I have to label myself as a Noahide. But I am not righteous. So I can't call myself a Noahide Chassid. I am considered more wise than righteous. So I would say, a Noahide of the Chabad. But no one seems to know or care what that is, so I have to say, "I am not a Jew, and am not Jewish, I am just of the Jewish faith." You see how awkward that label becomes?

Take this situation. There are men who are heterosexually oriented who have happened to also have had relations with other men. You can't call them gay, because they prefer the straight life. You can't call them bisexual, because most of them settle down to a wife and have children, or because their religion forbids homosexual sex. Also, to call oneself a bisexual makes people believe that you might to available to women and men. So these guys take the label, "Men who have had sex with men." You see how awkward and lengthy a label can get when it is brutally explicit.

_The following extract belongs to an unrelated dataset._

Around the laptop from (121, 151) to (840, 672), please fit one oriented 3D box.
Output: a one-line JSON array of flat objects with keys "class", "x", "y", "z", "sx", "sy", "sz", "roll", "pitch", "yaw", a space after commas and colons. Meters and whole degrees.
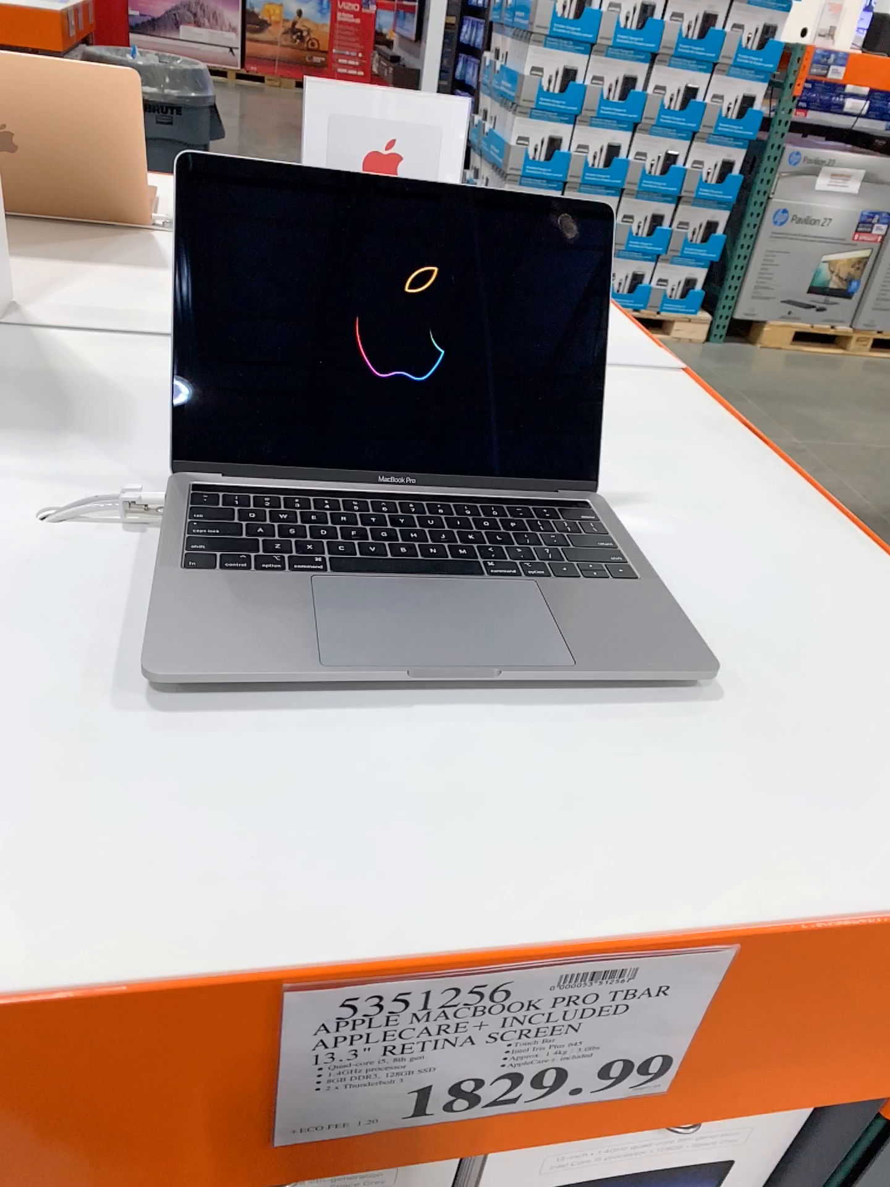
[{"class": "laptop", "x": -0.011, "y": -0.119, "z": 0.522, "sx": 0.289, "sy": 0.165, "sz": 0.308, "roll": 1, "pitch": 34, "yaw": -13}]

Another example, I have PTSD, which for those who don't know, is Post Traumatic Stress Disorder. The first thing people ask, is, are you a veteran? And I have to say, No, I was a victim of a criminal. Then that opens the door for insensitive people to ask, "What happened?" Then I have to explicitly say, "I was a victim of childhood sexual abuse. And also a victim of felonious assault." So because the medication for schizophrenia and PTSD is pretty much the same drugs, I just tell people that I'm a schizophrenic so they won't pry into the truth.

Explicit labeling is too brutal and I recommend that you just stick with a generic label.
 

Parchment

Active Member
I just imagine everyone naked for better or worse because I say actions define people not the label they choose for themselves or others choose for them
 

Willamena

Just me
Premium Member
Why abandon labels? Labels help us define and expand upon things we knew or feel or what is already there. If we didn't have labels, we wouldn't have cultures, groups, communities or even knowledge on my anthropological things. We need labels so we can better understand ourselves.
Unfortunately, they also help us be identified with others, which can be a bad thing.